--- EXERCISE OBJECTIVE ---
Give back a single figure: the number of lines in the entries below that contain "values".

====== WORKING DATA

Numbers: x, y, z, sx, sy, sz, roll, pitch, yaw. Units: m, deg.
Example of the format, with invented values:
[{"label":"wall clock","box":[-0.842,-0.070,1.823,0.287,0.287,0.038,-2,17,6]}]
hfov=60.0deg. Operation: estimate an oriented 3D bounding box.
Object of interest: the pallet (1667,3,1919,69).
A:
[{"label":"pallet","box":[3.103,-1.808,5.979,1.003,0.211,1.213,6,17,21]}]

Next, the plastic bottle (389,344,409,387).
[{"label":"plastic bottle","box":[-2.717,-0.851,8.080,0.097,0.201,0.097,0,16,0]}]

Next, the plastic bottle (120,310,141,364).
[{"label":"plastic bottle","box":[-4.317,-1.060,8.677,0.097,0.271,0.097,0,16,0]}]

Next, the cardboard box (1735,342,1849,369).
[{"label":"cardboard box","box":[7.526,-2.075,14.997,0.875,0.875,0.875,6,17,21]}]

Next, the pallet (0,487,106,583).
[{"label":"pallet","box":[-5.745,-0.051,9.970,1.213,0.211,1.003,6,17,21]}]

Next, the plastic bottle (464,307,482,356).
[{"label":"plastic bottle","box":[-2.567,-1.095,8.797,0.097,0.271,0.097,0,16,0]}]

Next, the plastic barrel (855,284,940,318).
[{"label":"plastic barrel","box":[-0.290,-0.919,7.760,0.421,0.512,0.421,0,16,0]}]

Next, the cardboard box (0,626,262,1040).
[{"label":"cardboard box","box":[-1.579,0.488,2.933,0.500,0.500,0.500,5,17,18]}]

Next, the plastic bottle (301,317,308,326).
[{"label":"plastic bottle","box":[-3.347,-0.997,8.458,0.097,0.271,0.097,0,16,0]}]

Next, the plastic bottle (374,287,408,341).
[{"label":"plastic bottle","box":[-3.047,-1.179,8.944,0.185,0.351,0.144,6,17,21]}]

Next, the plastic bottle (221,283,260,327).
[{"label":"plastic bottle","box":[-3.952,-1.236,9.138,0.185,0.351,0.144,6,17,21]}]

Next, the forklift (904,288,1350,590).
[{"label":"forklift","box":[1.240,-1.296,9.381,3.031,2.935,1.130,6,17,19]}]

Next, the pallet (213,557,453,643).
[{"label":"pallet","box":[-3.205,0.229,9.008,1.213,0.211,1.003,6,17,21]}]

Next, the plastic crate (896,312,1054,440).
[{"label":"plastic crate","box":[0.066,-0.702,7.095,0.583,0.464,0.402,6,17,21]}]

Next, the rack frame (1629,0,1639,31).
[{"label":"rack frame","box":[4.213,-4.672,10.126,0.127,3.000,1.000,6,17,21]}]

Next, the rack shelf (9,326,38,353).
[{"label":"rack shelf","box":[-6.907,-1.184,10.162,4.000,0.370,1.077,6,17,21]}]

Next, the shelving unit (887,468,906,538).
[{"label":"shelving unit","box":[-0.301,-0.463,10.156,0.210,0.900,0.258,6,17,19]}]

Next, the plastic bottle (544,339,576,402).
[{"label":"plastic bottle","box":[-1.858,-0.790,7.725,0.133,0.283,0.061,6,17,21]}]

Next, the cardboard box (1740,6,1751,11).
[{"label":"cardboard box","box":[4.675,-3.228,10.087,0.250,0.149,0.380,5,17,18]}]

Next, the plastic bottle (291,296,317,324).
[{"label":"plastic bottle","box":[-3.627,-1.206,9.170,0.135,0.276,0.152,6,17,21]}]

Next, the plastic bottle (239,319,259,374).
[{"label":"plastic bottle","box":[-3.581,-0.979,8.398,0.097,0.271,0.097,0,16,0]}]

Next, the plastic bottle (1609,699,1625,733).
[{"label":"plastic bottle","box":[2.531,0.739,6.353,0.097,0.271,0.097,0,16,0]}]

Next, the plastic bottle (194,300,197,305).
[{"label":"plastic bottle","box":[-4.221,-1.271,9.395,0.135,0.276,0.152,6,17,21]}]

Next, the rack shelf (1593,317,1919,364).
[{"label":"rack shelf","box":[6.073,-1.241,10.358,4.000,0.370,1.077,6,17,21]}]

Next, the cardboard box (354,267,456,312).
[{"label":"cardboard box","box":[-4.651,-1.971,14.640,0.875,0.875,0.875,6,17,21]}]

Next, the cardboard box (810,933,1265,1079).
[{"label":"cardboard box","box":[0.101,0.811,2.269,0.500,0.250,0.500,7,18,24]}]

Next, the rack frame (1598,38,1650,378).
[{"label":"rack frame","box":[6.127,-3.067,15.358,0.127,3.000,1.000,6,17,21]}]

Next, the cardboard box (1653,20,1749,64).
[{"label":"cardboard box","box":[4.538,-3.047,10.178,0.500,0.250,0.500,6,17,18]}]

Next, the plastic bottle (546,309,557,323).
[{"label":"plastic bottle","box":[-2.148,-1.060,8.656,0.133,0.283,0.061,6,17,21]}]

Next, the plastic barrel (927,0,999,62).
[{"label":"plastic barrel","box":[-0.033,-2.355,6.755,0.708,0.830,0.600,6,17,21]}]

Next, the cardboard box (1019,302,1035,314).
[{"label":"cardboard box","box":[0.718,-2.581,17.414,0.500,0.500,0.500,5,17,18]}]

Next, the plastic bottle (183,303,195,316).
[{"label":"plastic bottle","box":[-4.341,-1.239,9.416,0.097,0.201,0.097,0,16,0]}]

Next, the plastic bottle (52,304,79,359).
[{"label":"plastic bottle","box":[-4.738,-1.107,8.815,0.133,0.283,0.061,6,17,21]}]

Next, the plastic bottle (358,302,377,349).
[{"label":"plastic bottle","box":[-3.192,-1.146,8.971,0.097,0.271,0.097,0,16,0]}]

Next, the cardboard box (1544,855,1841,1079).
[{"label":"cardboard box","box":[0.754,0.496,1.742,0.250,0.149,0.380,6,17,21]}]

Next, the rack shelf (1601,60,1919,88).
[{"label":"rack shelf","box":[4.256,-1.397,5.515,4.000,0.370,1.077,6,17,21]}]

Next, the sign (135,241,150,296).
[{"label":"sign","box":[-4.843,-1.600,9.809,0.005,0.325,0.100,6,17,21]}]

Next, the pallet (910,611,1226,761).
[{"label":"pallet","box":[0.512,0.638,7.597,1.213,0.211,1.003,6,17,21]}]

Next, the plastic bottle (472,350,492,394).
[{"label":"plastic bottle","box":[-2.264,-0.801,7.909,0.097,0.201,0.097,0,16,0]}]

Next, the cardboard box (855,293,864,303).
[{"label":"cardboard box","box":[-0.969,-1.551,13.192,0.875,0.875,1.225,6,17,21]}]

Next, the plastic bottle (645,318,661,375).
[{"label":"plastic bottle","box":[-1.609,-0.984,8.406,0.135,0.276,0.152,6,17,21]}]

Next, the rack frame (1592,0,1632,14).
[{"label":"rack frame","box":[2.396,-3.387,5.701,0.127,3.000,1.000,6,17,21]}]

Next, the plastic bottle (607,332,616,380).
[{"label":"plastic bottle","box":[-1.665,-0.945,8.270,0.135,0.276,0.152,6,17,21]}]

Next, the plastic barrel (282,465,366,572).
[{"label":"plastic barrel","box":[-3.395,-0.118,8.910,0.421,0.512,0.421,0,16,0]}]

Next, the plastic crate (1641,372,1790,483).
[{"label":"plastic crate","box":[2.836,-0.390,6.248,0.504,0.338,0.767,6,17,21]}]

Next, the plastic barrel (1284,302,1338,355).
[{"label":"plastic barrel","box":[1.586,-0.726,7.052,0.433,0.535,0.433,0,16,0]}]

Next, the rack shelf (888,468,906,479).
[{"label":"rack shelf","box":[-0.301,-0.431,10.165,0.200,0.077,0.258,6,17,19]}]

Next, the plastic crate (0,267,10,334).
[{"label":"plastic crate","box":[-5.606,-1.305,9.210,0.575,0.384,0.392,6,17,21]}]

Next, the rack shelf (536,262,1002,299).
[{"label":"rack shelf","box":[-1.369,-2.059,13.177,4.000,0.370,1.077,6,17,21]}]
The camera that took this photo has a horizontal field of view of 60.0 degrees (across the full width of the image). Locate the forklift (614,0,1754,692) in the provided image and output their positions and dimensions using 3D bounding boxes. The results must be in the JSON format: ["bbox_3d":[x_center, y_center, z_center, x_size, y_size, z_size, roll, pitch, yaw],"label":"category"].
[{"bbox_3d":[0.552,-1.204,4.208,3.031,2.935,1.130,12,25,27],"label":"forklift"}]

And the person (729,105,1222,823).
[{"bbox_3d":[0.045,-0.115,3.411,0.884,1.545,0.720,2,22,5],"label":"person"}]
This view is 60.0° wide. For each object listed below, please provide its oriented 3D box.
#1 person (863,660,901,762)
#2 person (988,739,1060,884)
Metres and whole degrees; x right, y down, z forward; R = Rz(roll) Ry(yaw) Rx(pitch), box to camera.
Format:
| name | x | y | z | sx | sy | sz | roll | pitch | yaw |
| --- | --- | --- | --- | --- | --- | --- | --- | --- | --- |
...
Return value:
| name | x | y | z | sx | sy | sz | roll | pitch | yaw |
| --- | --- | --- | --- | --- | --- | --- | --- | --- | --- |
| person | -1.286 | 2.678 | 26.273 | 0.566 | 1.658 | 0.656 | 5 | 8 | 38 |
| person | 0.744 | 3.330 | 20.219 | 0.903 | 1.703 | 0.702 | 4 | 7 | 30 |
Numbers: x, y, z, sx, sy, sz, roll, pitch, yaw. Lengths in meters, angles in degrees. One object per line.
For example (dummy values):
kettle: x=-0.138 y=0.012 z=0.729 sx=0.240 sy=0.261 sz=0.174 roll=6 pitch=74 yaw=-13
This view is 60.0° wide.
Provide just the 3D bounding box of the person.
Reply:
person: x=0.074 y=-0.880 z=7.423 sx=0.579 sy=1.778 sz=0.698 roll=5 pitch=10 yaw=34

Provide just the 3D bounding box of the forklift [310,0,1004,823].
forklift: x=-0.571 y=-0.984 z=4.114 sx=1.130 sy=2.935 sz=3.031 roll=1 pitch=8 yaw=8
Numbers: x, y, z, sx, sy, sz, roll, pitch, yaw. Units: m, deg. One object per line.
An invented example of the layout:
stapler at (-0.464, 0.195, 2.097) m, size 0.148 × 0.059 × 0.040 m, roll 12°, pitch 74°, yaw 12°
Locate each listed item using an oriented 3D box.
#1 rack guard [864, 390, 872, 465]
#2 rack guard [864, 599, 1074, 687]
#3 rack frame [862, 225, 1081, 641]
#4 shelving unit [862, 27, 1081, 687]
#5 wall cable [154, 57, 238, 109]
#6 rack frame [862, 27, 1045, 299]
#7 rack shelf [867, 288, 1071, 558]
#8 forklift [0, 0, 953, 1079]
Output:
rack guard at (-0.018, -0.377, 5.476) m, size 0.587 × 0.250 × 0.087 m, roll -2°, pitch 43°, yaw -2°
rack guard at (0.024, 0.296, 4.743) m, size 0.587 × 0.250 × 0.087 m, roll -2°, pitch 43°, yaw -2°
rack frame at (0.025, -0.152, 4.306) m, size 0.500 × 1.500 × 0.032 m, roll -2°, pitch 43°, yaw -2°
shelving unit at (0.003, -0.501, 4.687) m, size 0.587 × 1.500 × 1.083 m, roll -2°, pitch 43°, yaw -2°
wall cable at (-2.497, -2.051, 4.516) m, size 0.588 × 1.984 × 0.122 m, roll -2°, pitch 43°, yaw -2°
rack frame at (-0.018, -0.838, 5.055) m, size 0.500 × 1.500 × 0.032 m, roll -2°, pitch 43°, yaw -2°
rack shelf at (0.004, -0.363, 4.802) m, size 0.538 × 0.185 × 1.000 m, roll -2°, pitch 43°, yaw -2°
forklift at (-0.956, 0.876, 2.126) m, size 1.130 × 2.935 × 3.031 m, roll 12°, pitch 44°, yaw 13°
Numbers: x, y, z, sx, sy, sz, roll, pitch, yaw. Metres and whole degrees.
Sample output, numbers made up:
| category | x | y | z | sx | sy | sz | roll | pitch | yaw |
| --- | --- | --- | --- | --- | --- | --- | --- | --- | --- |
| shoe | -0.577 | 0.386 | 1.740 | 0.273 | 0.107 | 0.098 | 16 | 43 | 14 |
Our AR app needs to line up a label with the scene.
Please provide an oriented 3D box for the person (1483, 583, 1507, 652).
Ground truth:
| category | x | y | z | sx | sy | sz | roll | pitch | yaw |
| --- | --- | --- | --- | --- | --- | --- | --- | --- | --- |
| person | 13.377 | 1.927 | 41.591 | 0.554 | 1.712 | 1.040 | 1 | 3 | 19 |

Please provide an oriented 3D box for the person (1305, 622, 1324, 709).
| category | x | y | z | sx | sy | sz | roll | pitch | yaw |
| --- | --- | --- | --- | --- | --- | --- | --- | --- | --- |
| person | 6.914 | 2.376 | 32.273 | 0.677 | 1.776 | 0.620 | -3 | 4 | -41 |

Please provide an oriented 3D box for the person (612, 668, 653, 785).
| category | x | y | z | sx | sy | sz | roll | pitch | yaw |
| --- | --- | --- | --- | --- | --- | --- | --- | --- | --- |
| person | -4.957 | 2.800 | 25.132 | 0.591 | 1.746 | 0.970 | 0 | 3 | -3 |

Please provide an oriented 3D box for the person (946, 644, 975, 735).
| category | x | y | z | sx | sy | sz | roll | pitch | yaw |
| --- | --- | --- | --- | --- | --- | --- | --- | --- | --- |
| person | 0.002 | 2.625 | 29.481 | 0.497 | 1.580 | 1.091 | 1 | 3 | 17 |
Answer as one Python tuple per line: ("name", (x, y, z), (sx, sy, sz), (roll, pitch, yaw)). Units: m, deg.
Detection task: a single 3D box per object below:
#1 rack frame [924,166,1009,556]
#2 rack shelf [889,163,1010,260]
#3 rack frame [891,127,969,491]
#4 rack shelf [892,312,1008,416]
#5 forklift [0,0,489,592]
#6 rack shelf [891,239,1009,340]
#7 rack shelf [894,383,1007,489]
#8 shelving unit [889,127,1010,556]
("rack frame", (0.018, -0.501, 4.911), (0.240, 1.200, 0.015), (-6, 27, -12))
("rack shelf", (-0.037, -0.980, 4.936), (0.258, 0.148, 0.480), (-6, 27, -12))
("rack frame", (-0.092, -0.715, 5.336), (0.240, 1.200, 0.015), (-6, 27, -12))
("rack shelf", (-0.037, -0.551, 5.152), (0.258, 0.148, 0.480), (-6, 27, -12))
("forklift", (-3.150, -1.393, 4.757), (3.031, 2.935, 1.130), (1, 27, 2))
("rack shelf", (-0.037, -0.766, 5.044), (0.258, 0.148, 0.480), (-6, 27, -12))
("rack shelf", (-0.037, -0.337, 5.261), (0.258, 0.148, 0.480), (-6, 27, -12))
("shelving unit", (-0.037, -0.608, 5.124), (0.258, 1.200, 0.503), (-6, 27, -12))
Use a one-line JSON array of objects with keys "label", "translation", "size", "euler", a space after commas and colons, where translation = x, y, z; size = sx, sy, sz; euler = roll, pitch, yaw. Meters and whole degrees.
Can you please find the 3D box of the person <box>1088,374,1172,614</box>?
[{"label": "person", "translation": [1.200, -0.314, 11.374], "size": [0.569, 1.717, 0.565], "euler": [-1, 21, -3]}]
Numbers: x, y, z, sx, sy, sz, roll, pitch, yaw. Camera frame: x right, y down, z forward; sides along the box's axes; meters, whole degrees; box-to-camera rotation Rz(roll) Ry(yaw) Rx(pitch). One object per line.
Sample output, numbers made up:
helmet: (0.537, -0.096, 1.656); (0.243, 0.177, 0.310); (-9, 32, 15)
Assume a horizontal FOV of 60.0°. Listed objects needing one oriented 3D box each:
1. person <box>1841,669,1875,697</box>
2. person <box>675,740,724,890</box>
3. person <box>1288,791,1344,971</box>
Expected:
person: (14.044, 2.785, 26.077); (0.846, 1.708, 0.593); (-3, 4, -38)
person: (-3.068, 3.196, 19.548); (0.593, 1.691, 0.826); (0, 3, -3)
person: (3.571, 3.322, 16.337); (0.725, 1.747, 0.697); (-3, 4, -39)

============

--- SOLUTION FOR THIS TASK ---
2